Work request
Without skipping any entry, transcribe the data word for word.

Dataset excerpts
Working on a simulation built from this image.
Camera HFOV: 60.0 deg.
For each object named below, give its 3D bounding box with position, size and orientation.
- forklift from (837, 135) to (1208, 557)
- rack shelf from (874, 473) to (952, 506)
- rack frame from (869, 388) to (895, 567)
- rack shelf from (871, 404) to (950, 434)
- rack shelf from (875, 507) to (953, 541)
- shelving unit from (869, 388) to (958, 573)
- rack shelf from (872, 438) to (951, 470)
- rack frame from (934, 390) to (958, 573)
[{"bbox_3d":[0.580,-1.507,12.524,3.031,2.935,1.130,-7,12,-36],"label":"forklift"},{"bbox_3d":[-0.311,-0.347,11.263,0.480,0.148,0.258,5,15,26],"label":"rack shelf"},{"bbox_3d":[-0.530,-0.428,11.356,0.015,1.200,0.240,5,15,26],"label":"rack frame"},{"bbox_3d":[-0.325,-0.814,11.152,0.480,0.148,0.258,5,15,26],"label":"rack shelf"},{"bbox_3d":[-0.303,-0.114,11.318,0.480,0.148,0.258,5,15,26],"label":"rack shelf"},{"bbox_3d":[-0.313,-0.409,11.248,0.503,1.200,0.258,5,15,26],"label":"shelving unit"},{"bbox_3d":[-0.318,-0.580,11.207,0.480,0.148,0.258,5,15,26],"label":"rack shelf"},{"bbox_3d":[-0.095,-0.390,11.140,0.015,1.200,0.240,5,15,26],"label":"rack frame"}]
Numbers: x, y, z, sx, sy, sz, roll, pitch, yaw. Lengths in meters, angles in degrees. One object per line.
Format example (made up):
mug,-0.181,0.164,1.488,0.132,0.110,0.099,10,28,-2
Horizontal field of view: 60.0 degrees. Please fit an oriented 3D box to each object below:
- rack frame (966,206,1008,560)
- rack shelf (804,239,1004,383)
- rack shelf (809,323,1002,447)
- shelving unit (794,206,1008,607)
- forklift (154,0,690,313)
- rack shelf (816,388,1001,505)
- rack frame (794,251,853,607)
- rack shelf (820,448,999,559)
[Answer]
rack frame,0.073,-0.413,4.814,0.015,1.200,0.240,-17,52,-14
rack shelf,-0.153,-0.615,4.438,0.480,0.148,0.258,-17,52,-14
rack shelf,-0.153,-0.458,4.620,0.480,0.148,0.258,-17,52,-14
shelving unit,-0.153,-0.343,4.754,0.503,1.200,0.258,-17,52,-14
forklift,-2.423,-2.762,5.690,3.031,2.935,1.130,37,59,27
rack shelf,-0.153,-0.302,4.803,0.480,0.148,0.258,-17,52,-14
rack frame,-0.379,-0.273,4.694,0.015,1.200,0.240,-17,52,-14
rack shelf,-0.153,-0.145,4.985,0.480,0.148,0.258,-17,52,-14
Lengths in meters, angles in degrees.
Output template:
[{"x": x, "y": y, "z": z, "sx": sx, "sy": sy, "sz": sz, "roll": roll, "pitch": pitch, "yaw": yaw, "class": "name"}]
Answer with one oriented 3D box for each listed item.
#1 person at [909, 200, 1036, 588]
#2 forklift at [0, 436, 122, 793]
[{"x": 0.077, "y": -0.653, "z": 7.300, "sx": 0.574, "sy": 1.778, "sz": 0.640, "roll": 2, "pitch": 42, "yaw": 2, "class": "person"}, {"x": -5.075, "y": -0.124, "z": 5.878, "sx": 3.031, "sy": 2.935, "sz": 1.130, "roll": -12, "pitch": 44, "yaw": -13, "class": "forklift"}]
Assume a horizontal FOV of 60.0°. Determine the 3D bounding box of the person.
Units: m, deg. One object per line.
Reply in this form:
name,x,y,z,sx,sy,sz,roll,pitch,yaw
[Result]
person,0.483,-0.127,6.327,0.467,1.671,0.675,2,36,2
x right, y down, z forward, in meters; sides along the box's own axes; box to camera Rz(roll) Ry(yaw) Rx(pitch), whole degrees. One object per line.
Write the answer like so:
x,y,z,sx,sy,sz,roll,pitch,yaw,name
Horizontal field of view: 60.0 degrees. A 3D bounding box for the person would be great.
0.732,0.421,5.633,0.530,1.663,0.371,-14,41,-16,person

Answer below
Working on a simulation built from this image.
Camera HFOV: 60.0 deg.
For each object named below, give its 3D bounding box with position, size and orientation.
- forklift from (837, 135) to (1208, 557)
- rack shelf from (874, 473) to (952, 506)
- rack frame from (869, 388) to (895, 567)
- rack shelf from (871, 404) to (950, 434)
- rack shelf from (875, 507) to (953, 541)
- shelving unit from (869, 388) to (958, 573)
- rack shelf from (872, 438) to (951, 470)
- rack frame from (934, 390) to (958, 573)
[{"bbox_3d":[0.580,-1.507,12.524,3.031,2.935,1.130,-7,12,-36],"label":"forklift"},{"bbox_3d":[-0.311,-0.347,11.263,0.480,0.148,0.258,5,15,26],"label":"rack shelf"},{"bbox_3d":[-0.530,-0.428,11.356,0.015,1.200,0.240,5,15,26],"label":"rack frame"},{"bbox_3d":[-0.325,-0.814,11.152,0.480,0.148,0.258,5,15,26],"label":"rack shelf"},{"bbox_3d":[-0.303,-0.114,11.318,0.480,0.148,0.258,5,15,26],"label":"rack shelf"},{"bbox_3d":[-0.313,-0.409,11.248,0.503,1.200,0.258,5,15,26],"label":"shelving unit"},{"bbox_3d":[-0.318,-0.580,11.207,0.480,0.148,0.258,5,15,26],"label":"rack shelf"},{"bbox_3d":[-0.095,-0.390,11.140,0.015,1.200,0.240,5,15,26],"label":"rack frame"}]
Numbers: x, y, z, sx, sy, sz, roll, pitch, yaw. Lengths in meters, angles in degrees. One object per line.
Format example (made up):
mug,-0.181,0.164,1.488,0.132,0.110,0.099,10,28,-2
Horizontal field of view: 60.0 degrees. Please fit an oriented 3D box to each object below:
- rack frame (966,206,1008,560)
- rack shelf (804,239,1004,383)
- rack shelf (809,323,1002,447)
- shelving unit (794,206,1008,607)
- forklift (154,0,690,313)
- rack shelf (816,388,1001,505)
- rack frame (794,251,853,607)
- rack shelf (820,448,999,559)
[Answer]
rack frame,0.073,-0.413,4.814,0.015,1.200,0.240,-17,52,-14
rack shelf,-0.153,-0.615,4.438,0.480,0.148,0.258,-17,52,-14
rack shelf,-0.153,-0.458,4.620,0.480,0.148,0.258,-17,52,-14
shelving unit,-0.153,-0.343,4.754,0.503,1.200,0.258,-17,52,-14
forklift,-2.423,-2.762,5.690,3.031,2.935,1.130,37,59,27
rack shelf,-0.153,-0.302,4.803,0.480,0.148,0.258,-17,52,-14
rack frame,-0.379,-0.273,4.694,0.015,1.200,0.240,-17,52,-14
rack shelf,-0.153,-0.145,4.985,0.480,0.148,0.258,-17,52,-14
Lengths in meters, angles in degrees.
Output template:
[{"x": x, "y": y, "z": z, "sx": sx, "sy": sy, "sz": sz, "roll": roll, "pitch": pitch, "yaw": yaw, "class": "name"}]
Answer with one oriented 3D box for each listed item.
#1 person at [909, 200, 1036, 588]
#2 forklift at [0, 436, 122, 793]
[{"x": 0.077, "y": -0.653, "z": 7.300, "sx": 0.574, "sy": 1.778, "sz": 0.640, "roll": 2, "pitch": 42, "yaw": 2, "class": "person"}, {"x": -5.075, "y": -0.124, "z": 5.878, "sx": 3.031, "sy": 2.935, "sz": 1.130, "roll": -12, "pitch": 44, "yaw": -13, "class": "forklift"}]
Assume a horizontal FOV of 60.0°. Determine the 3D bounding box of the person.
Units: m, deg. One object per line.
Reply in this form:
name,x,y,z,sx,sy,sz,roll,pitch,yaw
[Result]
person,0.483,-0.127,6.327,0.467,1.671,0.675,2,36,2
x right, y down, z forward, in meters; sides along the box's own axes; box to camera Rz(roll) Ry(yaw) Rx(pitch), whole degrees. One object per line.
Write the answer like so:
x,y,z,sx,sy,sz,roll,pitch,yaw,name
Horizontal field of view: 60.0 degrees. A 3D bounding box for the person would be great.
0.732,0.421,5.633,0.530,1.663,0.371,-14,41,-16,person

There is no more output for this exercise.